===== SUPPLIED INFORMATION

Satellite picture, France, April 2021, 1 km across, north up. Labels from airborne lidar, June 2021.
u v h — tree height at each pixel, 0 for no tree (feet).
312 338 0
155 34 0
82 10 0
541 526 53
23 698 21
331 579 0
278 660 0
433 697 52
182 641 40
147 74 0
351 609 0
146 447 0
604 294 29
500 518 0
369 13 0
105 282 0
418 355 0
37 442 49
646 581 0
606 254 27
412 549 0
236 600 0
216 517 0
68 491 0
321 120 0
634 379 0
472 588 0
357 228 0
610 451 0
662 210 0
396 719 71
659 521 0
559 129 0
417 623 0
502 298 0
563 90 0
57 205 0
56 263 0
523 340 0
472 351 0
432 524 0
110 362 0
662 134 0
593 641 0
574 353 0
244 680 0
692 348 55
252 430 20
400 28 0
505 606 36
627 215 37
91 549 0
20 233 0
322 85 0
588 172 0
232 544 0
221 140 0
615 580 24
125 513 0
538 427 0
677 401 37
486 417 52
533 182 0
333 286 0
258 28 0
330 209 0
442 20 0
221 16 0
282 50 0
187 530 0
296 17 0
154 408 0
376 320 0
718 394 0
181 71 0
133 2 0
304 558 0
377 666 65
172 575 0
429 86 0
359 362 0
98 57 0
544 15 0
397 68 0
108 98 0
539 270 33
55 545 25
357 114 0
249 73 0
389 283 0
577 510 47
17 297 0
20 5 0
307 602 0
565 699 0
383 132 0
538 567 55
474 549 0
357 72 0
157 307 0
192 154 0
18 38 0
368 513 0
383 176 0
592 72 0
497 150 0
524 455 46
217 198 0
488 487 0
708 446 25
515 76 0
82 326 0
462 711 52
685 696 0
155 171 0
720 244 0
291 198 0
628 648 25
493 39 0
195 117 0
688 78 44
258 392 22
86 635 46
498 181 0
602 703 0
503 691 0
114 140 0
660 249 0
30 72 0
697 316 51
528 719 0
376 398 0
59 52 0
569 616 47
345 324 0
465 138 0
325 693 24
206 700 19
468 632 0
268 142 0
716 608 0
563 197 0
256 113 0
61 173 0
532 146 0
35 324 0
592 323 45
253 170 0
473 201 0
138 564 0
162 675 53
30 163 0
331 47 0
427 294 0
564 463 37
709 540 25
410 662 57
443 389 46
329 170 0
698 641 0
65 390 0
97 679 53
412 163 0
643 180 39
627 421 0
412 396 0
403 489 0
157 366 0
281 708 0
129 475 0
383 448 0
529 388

==========

> [WORK ORDER]
Set down, exactly and completely, all of the material.

> [ANSWER BELOW]
Satellite picture, France, April 2021, 1 km across, north up. Labels from airborne lidar, June 2021.
u v h — tree height at each pixel, 0 for no tree (feet).
312 338 0
155 34 0
82 10 0
541 526 53
23 698 21
331 579 0
278 660 0
433 697 52
182 641 40
147 74 0
351 609 0
146 447 0
604 294 29
500 518 0
369 13 0
105 282 0
418 355 0
37 442 49
646 581 0
606 254 27
412 549 0
236 600 0
216 517 0
68 491 0
321 120 0
634 379 0
472 588 0
357 228 0
610 451 0
662 210 0
396 719 71
659 521 0
559 129 0
417 623 0
502 298 0
563 90 0
57 205 0
56 263 0
523 340 0
472 351 0
432 524 0
110 362 0
662 134 0
593 641 0
574 353 0
244 680 0
692 348 55
252 430 20
400 28 0
505 606 36
627 215 37
91 549 0
20 233 0
322 85 0
588 172 0
232 544 0
221 140 0
615 580 24
125 513 0
538 427 0
677 401 37
486 417 52
533 182 0
333 286 0
258 28 0
330 209 0
442 20 0
221 16 0
282 50 0
187 530 0
296 17 0
154 408 0
376 320 0
718 394 0
181 71 0
133 2 0
304 558 0
377 666 65
172 575 0
429 86 0
359 362 0
98 57 0
544 15 0
397 68 0
108 98 0
539 270 33
55 545 25
357 114 0
249 73 0
389 283 0
577 510 47
17 297 0
20 5 0
307 602 0
565 699 0
383 132 0
538 567 55
474 549 0
357 72 0
157 307 0
192 154 0
18 38 0
368 513 0
383 176 0
592 72 0
497 150 0
524 455 46
217 198 0
488 487 0
708 446 25
515 76 0
82 326 0
462 711 52
685 696 0
155 171 0
720 244 0
291 198 0
628 648 25
493 39 0
195 117 0
688 78 44
258 392 22
86 635 46
498 181 0
602 703 0
503 691 0
114 140 0
660 249 0
30 72 0
697 316 51
528 719 0
376 398 0
59 52 0
569 616 47
345 324 0
465 138 0
325 693 24
206 700 19
468 632 0
268 142 0
716 608 0
563 197 0
256 113 0
61 173 0
532 146 0
35 324 0
592 323 45
253 170 0
473 201 0
138 564 0
162 675 53
30 163 0
331 47 0
427 294 0
564 463 37
709 540 25
410 662 57
443 389 46
329 170 0
698 641 0
65 390 0
97 679 53
412 163 0
643 180 39
627 421 0
412 396 0
403 489 0
157 366 0
281 708 0
129 475 0
383 448 0
529 388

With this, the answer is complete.